Les consommateurs sont habitués à entendre parler de l’impact environnemental de certains produits (comme les lessives ou les automobiles) parce qu’ils ont souvent été exposés à ce genre d’informations pour ces produits. Ces informations peuvent avoir de nombreuses sources. Il peut notamment s’agir d’une communication des marques elles-mêmes qui mettent en avant un bénéfice pour l’environnement et / ou qui arborent des écolabels, attirant par là- même l’attention des clients sur les effets de ce type de produits sur l’environnement. Quelle que soit la sincérité de l’information ainsi diffusée, elle encourage les consommateurs à intégrer la notion de nocivité environnementale dans leur processus de choix.

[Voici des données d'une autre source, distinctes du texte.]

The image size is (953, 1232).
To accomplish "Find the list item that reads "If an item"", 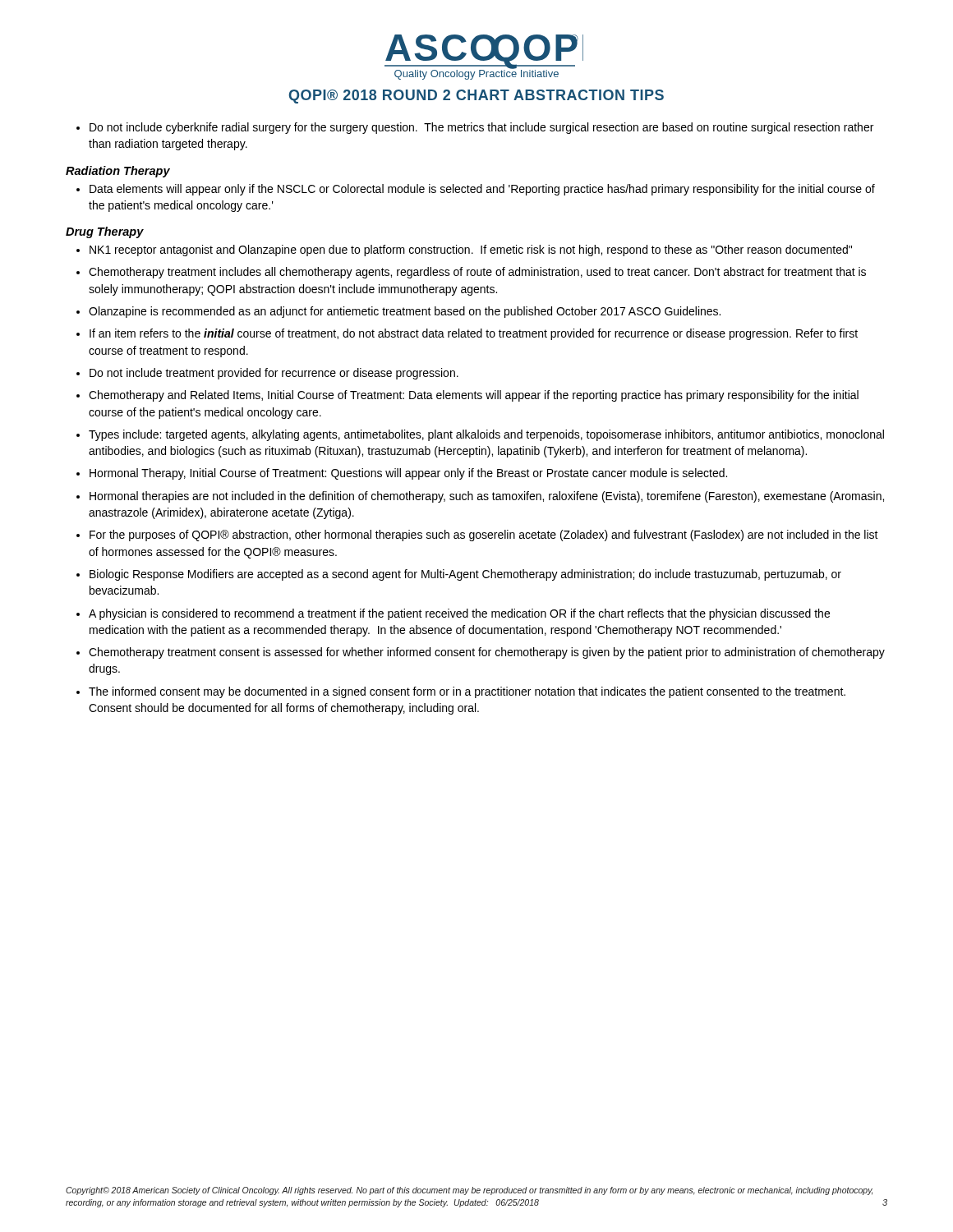I will pos(473,342).
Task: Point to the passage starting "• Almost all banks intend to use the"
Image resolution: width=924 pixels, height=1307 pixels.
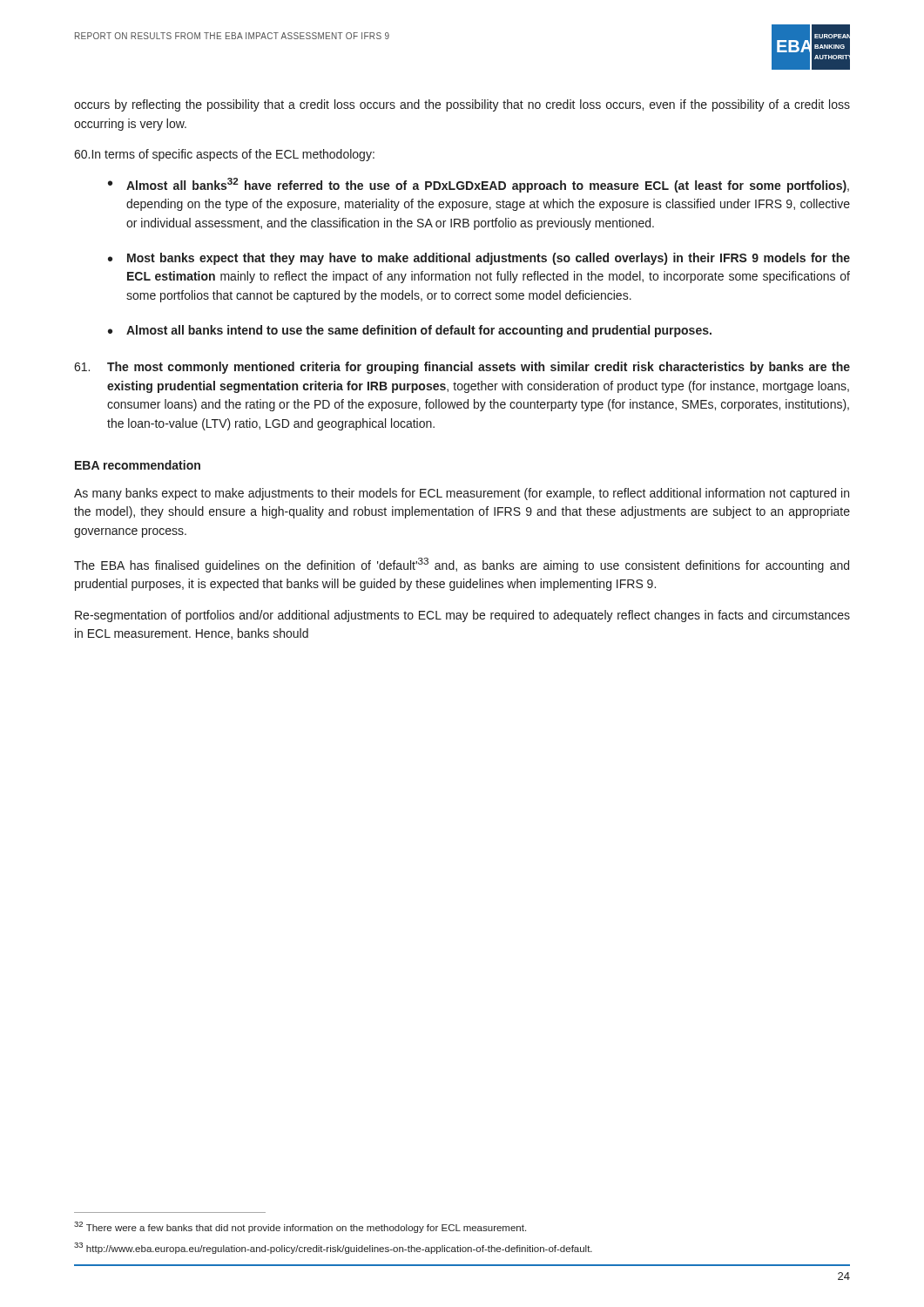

Une implication provocatrice de ce qui précède serait que, au-delà du jugement éthique que l’on peut formuler à son égard, le greenwashing présente l’intérêt de sensibiliser les consommateurs aux conséquences environnementales de leurs consommations, ce qui renforcerait le poids des problématiques environnementales dans leur processus de choix. Dans un sens, le greenwashing imprime dans l’esprit des consommateurs l’idée que la consommation a des effets sur l’environnement. Même s’il induit les consommateurs en erreur dans un premier temps, ceux-ci seraient par la suite davantage susceptibles d’intégrer la dimension environnementale dans leur choix, sous réserve qu’ils disposent d’une information fiable et crédible, ce que proposerait justement l’affichage environnemental généralisé. Rappelons néanmoins qu’un des grands dangers du greenwashing est au contraire d’éloigner les consommateurs de l’information environnementale en jetant la suspicion sur sa fiabilité (Mohr et al., 1998).

Les consommateurs peuvent également se sentir familiers avec l’information environnementale pour une catégorie de produits parce que les pouvoirs publics imposent un affichage particulier, comme c’est le cas pour les automobiles (émission de CO²) ou les produits blancs (étiquette énergie). Cette familiarité peut aussi provenir des efforts de sensibilisation des ONG dont les campagnes de communication cherchent parfois à alerter les consommateurs sur l’impact de leurs consommations sur l’environnement. Ces efforts d’information, qu’ils proviennent de la réglementation ou des ONG, ne concernent que certaines catégories de produits, ce qui explique que la familiarité des consommateurs à l’égard de l’information environnementale soit variable en fonction des produits : par exemple, dans notre étude, élevée pour les flacons de liquide vaisselle, faible pour les yaourts.